Hi again! Today I want to bring to your attention an upcoming series of posts on troubleshooting hangs and this post as a primer for understanding hangs and how we scope these scenarios.
Scoping is a practice we use in troubleshooting that helps us to quickly narrow down the domain or scope of a problem from the entire operating system or enterprise to a specific computer and component. This allows the elimination of millions of other possible problems or interactions.
Hangs are a common and can be a sometimes lengthy support request because of the mere nature of the problem, and just describing it can be difficult. “Okay, what do you mean, it’s hung?” By nature I mean that some internal architecture knowledge is necessary to discover what component of the application or OS is not doing what is should and thus leaving us with either an unresponsive user interface or service or both. So how do we isolate what is going on here?
We will cover the main buckets or symptoms and I will list these in increasing depth or dependency into the OS below, in other words, moving from the Application Layer down into the OS. But let’s scope first…the most important step!
Scoping the Hang
We can determine which bucket or symptom we are running into by testing increasing layers of the operating system (OSI stack). Meaning, what layer of the system is working and which ones are not. The heart of this is to determine “What IS working properly and what IS NOT?”
The following table outlines the layers and tools we usually use to determine their responsiveness.
Functional Layer to Test
Tools To Test
Basic hardware + Network driver + Bottom of the network stack
Does Ping work? Num Lock light on keyboard?
SMB over Tcp/ip + Kernel as Server Service runs in the system process)
Does Net view work?
Rpc over Tcp/ip
RPC? (Event Viewer, Remote Management, Event Log, or rpcping.exe)
For example, if a machine is reported “hung” and we can ping it, and net view does not work (when it normally would) we should conclude that the server side of that request failure in most likely in the Server Service or one of its sub components. This being the case it would not make sense to troubleshoot why myapplication.exe is hung on the same server if lower level things like the server service itself do not work which may be a direct dependency!
Tip: This is a scoping method we use in isolating all problems. Look at the interaction of applications, services, the OS, drivers, etc. in light of their dependencies. “Okay, A is failing not because of A but because B failed, because C failed, and aha here is root cause in D’s failure”. Testing dependencies can yield considerable time savings vs. debugging “through” the application.

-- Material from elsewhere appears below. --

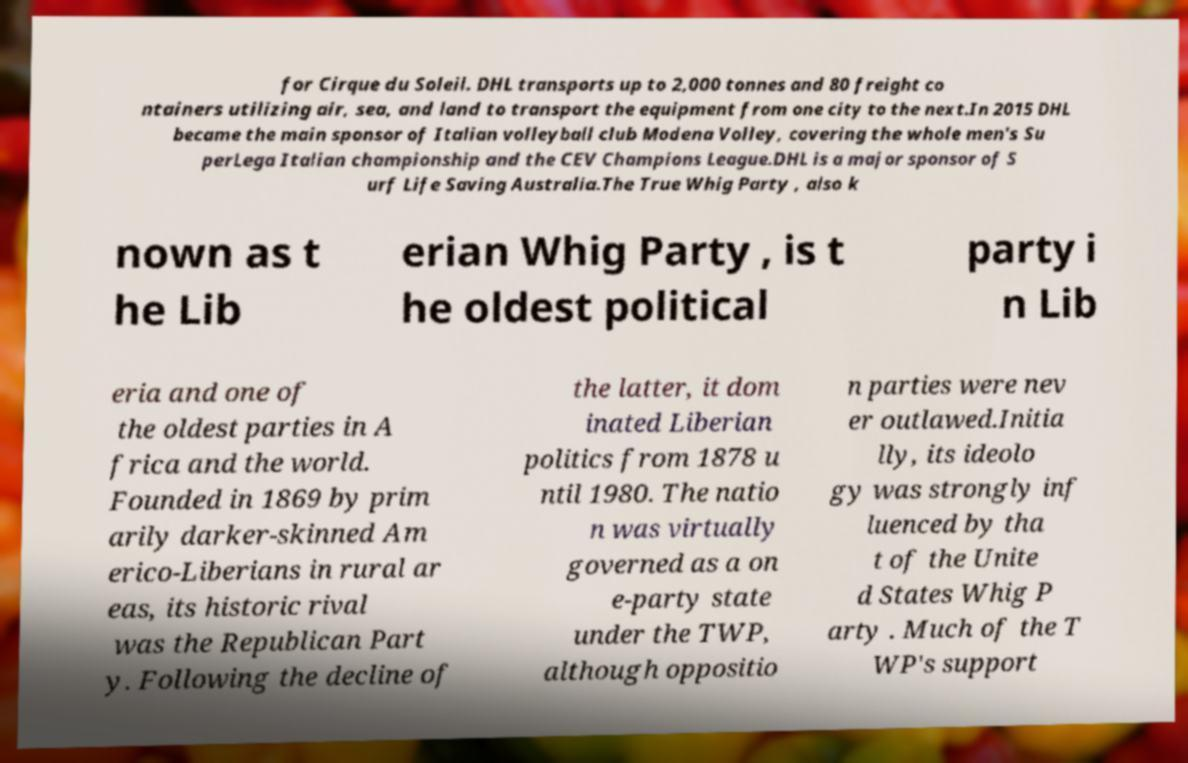What messages or text are displayed in this image? I need them in a readable, typed format. for Cirque du Soleil. DHL transports up to 2,000 tonnes and 80 freight co ntainers utilizing air, sea, and land to transport the equipment from one city to the next.In 2015 DHL became the main sponsor of Italian volleyball club Modena Volley, covering the whole men's Su perLega Italian championship and the CEV Champions League.DHL is a major sponsor of S urf Life Saving Australia.The True Whig Party , also k nown as t he Lib erian Whig Party , is t he oldest political party i n Lib eria and one of the oldest parties in A frica and the world. Founded in 1869 by prim arily darker-skinned Am erico-Liberians in rural ar eas, its historic rival was the Republican Part y. Following the decline of the latter, it dom inated Liberian politics from 1878 u ntil 1980. The natio n was virtually governed as a on e-party state under the TWP, although oppositio n parties were nev er outlawed.Initia lly, its ideolo gy was strongly inf luenced by tha t of the Unite d States Whig P arty . Much of the T WP's support

Another example, if an RPC dependent application stops working, testing RPC by using another RPC app might be the first thing to do vs. debugging the first app which could be very time consuming and require specific knowledge about that app.

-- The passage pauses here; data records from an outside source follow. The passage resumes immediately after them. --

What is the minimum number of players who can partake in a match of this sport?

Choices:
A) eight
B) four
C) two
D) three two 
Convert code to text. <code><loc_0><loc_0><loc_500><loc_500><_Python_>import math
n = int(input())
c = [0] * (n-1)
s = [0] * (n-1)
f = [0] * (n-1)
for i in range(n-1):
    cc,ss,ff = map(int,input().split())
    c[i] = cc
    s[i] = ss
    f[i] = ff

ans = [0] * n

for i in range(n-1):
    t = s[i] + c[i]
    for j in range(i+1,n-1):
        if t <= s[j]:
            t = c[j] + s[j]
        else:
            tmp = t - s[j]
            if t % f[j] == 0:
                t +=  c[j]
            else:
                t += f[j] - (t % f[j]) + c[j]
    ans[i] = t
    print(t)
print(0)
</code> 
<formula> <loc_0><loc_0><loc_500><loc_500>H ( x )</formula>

Here are some common scoping questions to help think about the context of the issue which could also isolate the problem quickly.
Answering these simple questions may have obvious yet extremely helpful results.

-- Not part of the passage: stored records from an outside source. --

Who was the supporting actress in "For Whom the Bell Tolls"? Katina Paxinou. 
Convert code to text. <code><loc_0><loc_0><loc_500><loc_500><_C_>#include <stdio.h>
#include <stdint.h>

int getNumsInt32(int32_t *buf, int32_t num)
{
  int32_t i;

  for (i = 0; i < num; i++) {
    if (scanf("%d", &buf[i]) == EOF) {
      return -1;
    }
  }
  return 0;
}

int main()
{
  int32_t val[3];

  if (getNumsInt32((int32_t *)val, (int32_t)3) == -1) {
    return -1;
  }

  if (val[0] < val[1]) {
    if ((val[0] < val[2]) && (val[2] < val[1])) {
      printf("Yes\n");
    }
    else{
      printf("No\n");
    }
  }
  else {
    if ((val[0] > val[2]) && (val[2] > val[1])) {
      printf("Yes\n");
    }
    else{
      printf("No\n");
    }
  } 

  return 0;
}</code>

For example, if the machine is reported as hung and the observation was just made through a Remote Desktop (RDP) session, is it responsive at the console? Let’s say it is responsive at the console, we must then conclude that only the Terminal Server Service layer or one of its unique dependencies (lower in the stack) is the problem vs. the entire server. Jump to Terminal Services specific troubleshooting, etc.
Common Hang Buckets or Symptoms
Using the above scoping usually leads to these main classes of hangs which we will cover in future posts:
1.) Specific Application Menu/Button/Function Hang
The application looks “OK” in that it will repaint if we drag another window over it; however, if we click on a menu item or send a key stroke whatever functionality associated with it does not…function.
2.) Application Window Hang “I’m not dead yet…just Not Responding”
The application stops responding entirely at the UI layer, meaning it no longer refreshes and dragging another window over the top does not repaint thus displays artifacts of other windows result.
3.) The Start Menu, Desktop, or the “Shell” is hung
So here we know that the Microsoft process responsible for these windows, explorer.exe, is hung.
4.) All Windows are Hung…but Task Manager comes up eventually
Here the mouse still moves, and if we hit Ctrl+Shift+Esc we can invoke task manager, or via Ctrl+Alt+Del. This may not be a true hang, but slow or unresponsive enough to qualify or be reported as a hang!
5.) There are No Windows!
I can move the Mouse and Keyboard but they don’t “do” anything and there’s just a blank desktop, no windows, it’s hung.
In this case it may be that the server appears hung interactively while specialized services like file sharing, mail server, etc. still actually function…impending doom?
6.) No Windows + No Mouse/Keyboard + but the machine is still running, well, sort of…
Obviously the most drastic of the symptoms leaving little recourse but a debug of the machine…which might be easier than it sounds!
The server may or may not be responsive remotely via services, etc.
In each of the upcoming posts expect to see for each symptom:
Scoping Steps (what works vs. what doesn’t in each scenario)
Specific Debug Steps
Please look forward to these installments in the New Year!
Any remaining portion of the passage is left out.